§ **WHAT THE TASK REQUIRES**
Leave the pictures out. Retype exactly the lines below from the one containing "Any chance of" through the one containing "The horizontal FOV", and no others.

§ **SOURCE DATA**
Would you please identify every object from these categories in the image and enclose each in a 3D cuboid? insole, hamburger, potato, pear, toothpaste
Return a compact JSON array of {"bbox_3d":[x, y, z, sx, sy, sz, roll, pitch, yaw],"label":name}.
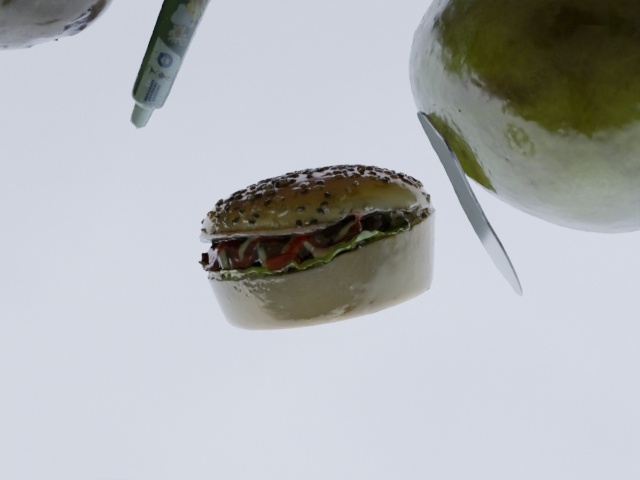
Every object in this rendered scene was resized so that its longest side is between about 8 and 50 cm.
[{"bbox_3d":[0.115,-0.026,1.082,0.004,0.197,0.065,-34,-142,-3],"label":"insole"},{"bbox_3d":[0.000,0.000,1.696,0.300,0.176,0.300,-11,-175,1],"label":"hamburger"},{"bbox_3d":[-0.325,-0.264,1.414,0.262,0.165,0.165,-19,-136,-14],"label":"potato"},{"bbox_3d":[0.276,-0.170,1.367,0.352,0.352,0.413,-37,-155,-20],"label":"pear"},{"bbox_3d":[-0.126,-0.185,1.238,0.049,0.204,0.031,19,-152,-13],"label":"toothpaste"}]
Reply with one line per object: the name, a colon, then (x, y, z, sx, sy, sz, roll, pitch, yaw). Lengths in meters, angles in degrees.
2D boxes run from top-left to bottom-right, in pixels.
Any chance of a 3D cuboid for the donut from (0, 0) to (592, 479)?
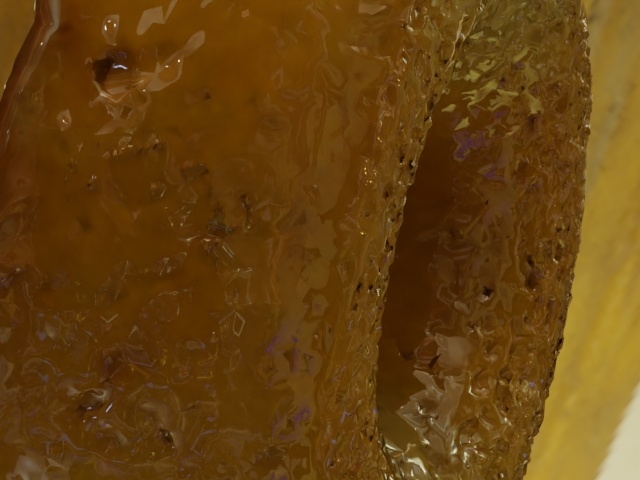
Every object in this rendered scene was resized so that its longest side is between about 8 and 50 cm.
donut: (0.000, -0.003, 0.528, 0.277, 0.108, 0.278, 9, -90, -66)
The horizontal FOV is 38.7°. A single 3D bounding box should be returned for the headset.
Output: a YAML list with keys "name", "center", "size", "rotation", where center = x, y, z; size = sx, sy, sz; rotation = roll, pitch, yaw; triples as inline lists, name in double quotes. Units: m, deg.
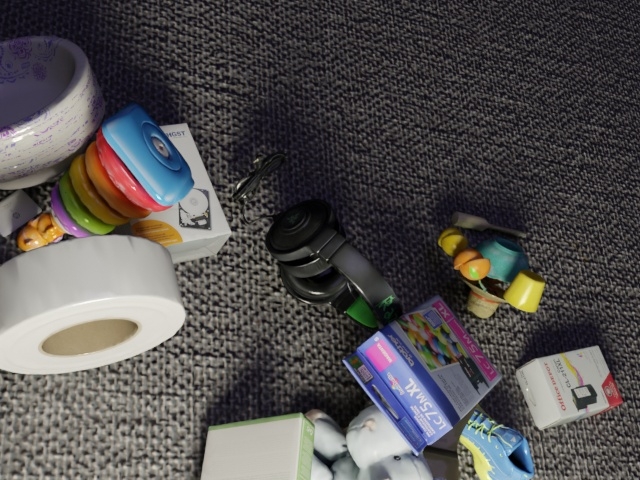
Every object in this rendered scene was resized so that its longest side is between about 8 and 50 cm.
- name: "headset"
  center: [0.000, 0.000, 1.602]
  size: [0.394, 0.243, 0.185]
  rotation: [38, 75, 23]

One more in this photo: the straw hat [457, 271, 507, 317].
- name: "straw hat"
  center: [0.323, 0.120, 1.811]
  size: [0.144, 0.061, 0.144]
  rotation: [24, 11, -5]

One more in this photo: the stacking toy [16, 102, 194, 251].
- name: "stacking toy"
  center: [-0.363, -0.064, 1.439]
  size: [0.166, 0.302, 0.175]
  rotation: [53, 16, -14]

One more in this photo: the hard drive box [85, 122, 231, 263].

§ **TASK ANSWER**
Any chance of a 3D cuboid for the donut from (0, 0) to (592, 479)?
Every object in this rendered scene was resized so that its longest side is between about 8 and 50 cm.
donut: (0.000, -0.003, 0.528, 0.277, 0.108, 0.278, 9, -90, -66)
The horizontal FOV is 38.7°. A single 3D bounding box should be returned for the headset.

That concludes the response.